» **What is needed**: For each line below that contains the string "count", copy that line.

(Task data Opens)

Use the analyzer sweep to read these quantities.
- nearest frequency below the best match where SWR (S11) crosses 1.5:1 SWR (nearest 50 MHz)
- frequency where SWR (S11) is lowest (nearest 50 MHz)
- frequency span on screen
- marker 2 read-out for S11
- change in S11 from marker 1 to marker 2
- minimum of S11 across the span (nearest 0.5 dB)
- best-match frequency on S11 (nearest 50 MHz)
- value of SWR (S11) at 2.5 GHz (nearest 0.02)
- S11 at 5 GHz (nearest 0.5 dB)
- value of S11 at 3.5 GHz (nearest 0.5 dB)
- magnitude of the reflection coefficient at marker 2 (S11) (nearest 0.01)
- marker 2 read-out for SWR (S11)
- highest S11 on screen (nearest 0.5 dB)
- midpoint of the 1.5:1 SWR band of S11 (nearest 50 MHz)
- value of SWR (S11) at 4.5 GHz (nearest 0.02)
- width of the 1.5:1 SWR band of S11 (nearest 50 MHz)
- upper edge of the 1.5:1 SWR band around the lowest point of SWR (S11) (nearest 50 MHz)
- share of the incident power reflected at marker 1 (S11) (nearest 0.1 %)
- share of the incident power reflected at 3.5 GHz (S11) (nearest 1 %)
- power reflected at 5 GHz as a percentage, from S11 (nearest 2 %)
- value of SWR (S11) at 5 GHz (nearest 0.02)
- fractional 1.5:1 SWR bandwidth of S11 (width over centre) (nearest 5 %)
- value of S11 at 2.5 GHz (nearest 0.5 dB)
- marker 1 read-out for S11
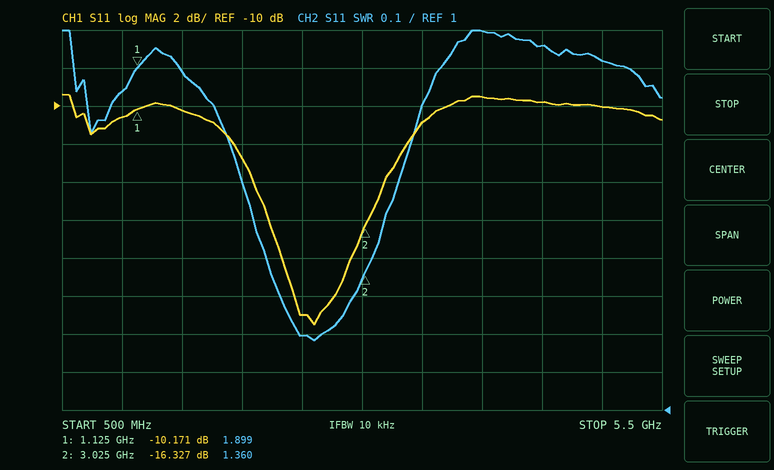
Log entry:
2.10 GHz
2.60 GHz
5 GHz
-16.327 dB
-6.156 dB
-21.5 dB
2.60 GHz
1.20
-10.0 dB
-11.0 dB
0.15
1.360
-9.5 dB
2.65 GHz
1.96
1.10 GHz
3.20 GHz
9.6 %
8 %
10 %
1.92
40 %
-21.0 dB
-10.171 dB
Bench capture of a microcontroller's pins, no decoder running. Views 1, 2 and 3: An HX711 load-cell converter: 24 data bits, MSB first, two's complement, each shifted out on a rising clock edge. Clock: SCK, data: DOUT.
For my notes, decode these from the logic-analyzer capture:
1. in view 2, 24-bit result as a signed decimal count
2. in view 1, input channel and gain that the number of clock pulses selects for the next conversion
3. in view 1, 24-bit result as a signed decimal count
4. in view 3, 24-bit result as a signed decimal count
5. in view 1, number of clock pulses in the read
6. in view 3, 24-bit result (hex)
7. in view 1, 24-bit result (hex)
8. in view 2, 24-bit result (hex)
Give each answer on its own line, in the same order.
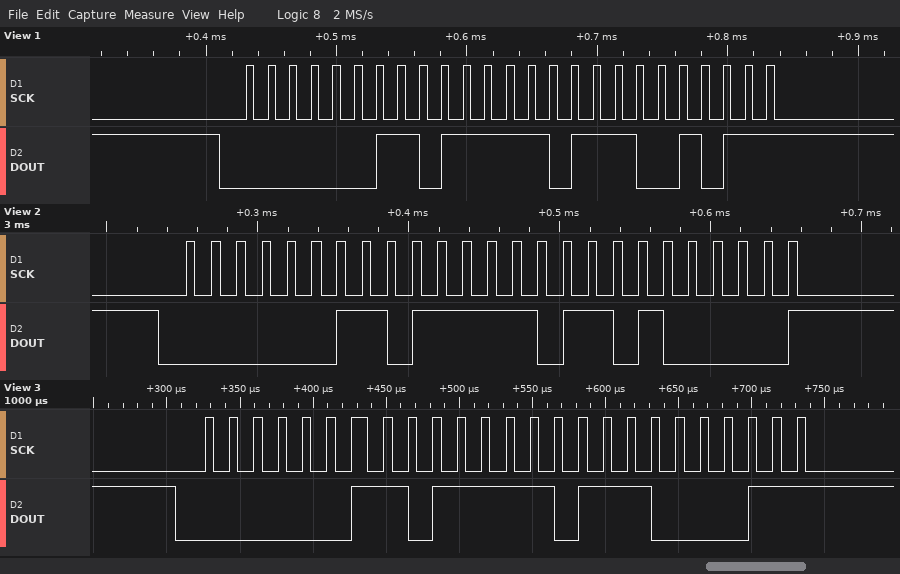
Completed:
228768
channel A, gain 128
228811
228803
25
0x037DC3
0x037DCB
0x037DA0
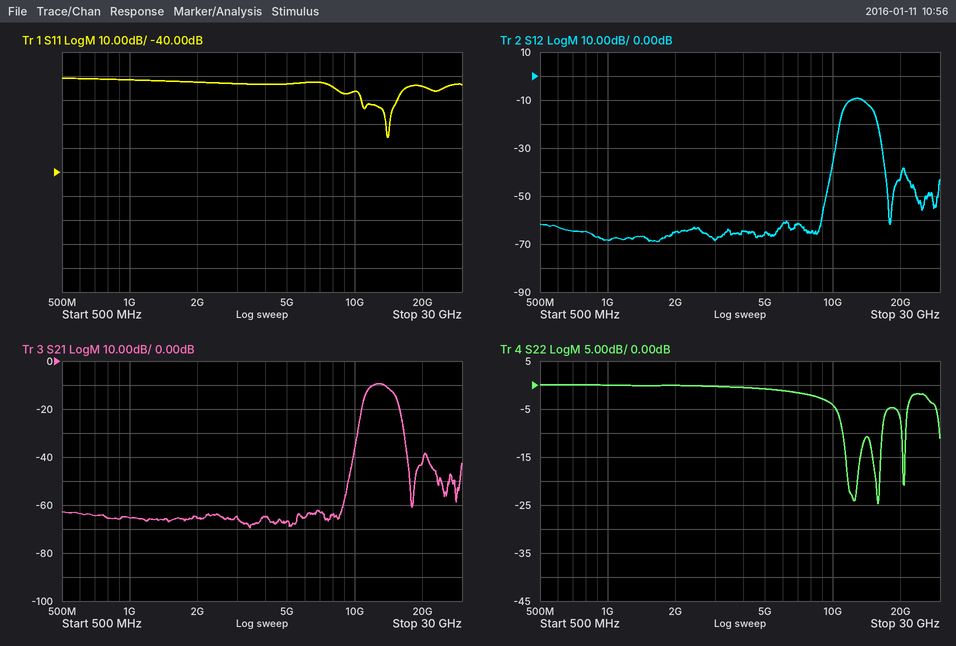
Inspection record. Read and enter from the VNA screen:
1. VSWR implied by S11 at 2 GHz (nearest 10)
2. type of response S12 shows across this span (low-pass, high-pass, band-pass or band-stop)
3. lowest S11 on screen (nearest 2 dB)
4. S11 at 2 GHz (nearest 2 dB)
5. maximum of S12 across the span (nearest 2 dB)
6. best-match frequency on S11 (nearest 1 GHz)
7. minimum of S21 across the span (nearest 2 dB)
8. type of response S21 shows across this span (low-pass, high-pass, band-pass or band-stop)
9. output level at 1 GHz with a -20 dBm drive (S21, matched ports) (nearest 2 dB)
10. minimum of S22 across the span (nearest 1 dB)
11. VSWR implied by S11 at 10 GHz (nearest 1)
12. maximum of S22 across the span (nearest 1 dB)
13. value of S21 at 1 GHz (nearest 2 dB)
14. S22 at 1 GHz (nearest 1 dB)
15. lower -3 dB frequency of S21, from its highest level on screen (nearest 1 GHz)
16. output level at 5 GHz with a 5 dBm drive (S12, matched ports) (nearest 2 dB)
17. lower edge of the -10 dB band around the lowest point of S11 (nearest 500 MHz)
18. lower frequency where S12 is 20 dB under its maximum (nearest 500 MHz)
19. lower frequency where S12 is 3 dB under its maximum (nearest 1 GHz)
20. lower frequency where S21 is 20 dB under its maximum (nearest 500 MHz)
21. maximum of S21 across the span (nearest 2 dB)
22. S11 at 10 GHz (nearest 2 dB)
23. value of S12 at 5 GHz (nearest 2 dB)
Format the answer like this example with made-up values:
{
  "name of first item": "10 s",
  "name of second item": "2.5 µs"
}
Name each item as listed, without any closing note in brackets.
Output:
{
  "VSWR implied by S11 at 2 GHz": "10",
  "type of response S12 shows across this span": "band-pass",
  "lowest S11 on screen": "-26 dB",
  "S11 at 2 GHz": "-2 dB",
  "maximum of S12 across the span": "-10 dB",
  "best-match frequency on S11": "14 GHz",
  "minimum of S21 across the span": "-70 dB",
  "type of response S21 shows across this span": "band-pass",
  "output level at 1 GHz with a -20 dBm drive (S21, matched ports)": "-86 dBm",
  "minimum of S22 across the span": "-25 dB",
  "VSWR implied by S11 at 10 GHz": "3",
  "maximum of S22 across the span": "0 dB",
  "value of S21 at 1 GHz": "-66 dB",
  "S22 at 1 GHz": "0 dB",
  "lower -3 dB frequency of S21, from its highest level on screen": "11 GHz",
  "output level at 5 GHz with a 5 dBm drive (S12, matched ports)": "-60 dBm",
  "lower edge of the -10 dB band around the lowest point of S11": "10.5 GHz",
  "lower frequency where S12 is 20 dB under its maximum": "10.5 GHz",
  "lower frequency where S12 is 3 dB under its maximum": "11 GHz",
  "lower frequency where S21 is 20 dB under its maximum": "10.5 GHz",
  "maximum of S21 across the span": "-10 dB",
  "S11 at 10 GHz": "-6 dB",
  "value of S12 at 5 GHz": "-66 dB"
}
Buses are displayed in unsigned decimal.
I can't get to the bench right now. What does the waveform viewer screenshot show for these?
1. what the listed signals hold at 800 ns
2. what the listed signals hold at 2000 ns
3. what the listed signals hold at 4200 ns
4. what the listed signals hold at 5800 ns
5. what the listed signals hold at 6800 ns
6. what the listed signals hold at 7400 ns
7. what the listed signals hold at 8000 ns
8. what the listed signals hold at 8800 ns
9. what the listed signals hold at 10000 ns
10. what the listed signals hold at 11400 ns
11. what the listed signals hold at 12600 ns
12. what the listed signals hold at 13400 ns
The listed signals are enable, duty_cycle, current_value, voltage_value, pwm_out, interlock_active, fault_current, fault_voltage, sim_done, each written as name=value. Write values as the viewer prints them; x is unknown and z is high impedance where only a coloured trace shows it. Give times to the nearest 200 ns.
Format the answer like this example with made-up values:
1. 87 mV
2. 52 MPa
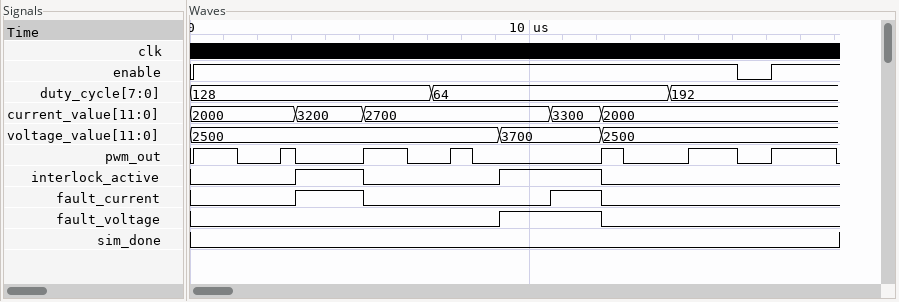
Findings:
1. enable=1, duty_cycle=128, current_value=2000, voltage_value=2500, pwm_out=1, interlock_active=0, fault_current=0, fault_voltage=0, sim_done=0
2. enable=1, duty_cycle=128, current_value=2000, voltage_value=2500, pwm_out=0, interlock_active=0, fault_current=0, fault_voltage=0, sim_done=0
3. enable=1, duty_cycle=128, current_value=3200, voltage_value=2500, pwm_out=0, interlock_active=1, fault_current=1, fault_voltage=0, sim_done=0
4. enable=1, duty_cycle=128, current_value=2700, voltage_value=2500, pwm_out=1, interlock_active=0, fault_current=0, fault_voltage=0, sim_done=0
5. enable=1, duty_cycle=128, current_value=2700, voltage_value=2500, pwm_out=0, interlock_active=0, fault_current=0, fault_voltage=0, sim_done=0
6. enable=1, duty_cycle=64, current_value=2700, voltage_value=2500, pwm_out=0, interlock_active=0, fault_current=0, fault_voltage=0, sim_done=0
7. enable=1, duty_cycle=64, current_value=2700, voltage_value=2500, pwm_out=1, interlock_active=0, fault_current=0, fault_voltage=0, sim_done=0
8. enable=1, duty_cycle=64, current_value=2700, voltage_value=2500, pwm_out=0, interlock_active=0, fault_current=0, fault_voltage=0, sim_done=0
9. enable=1, duty_cycle=64, current_value=2700, voltage_value=3700, pwm_out=0, interlock_active=1, fault_current=0, fault_voltage=1, sim_done=0
10. enable=1, duty_cycle=64, current_value=3300, voltage_value=3700, pwm_out=0, interlock_active=1, fault_current=1, fault_voltage=1, sim_done=0
11. enable=1, duty_cycle=64, current_value=2000, voltage_value=2500, pwm_out=1, interlock_active=0, fault_current=0, fault_voltage=0, sim_done=0
12. enable=1, duty_cycle=64, current_value=2000, voltage_value=2500, pwm_out=0, interlock_active=0, fault_current=0, fault_voltage=0, sim_done=0

(Task data Closes)

» **Exercise result**:
1. in view 2, 24-bit result as a signed decimal count
3. in view 1, 24-bit result as a signed decimal count
4. in view 3, 24-bit result as a signed decimal count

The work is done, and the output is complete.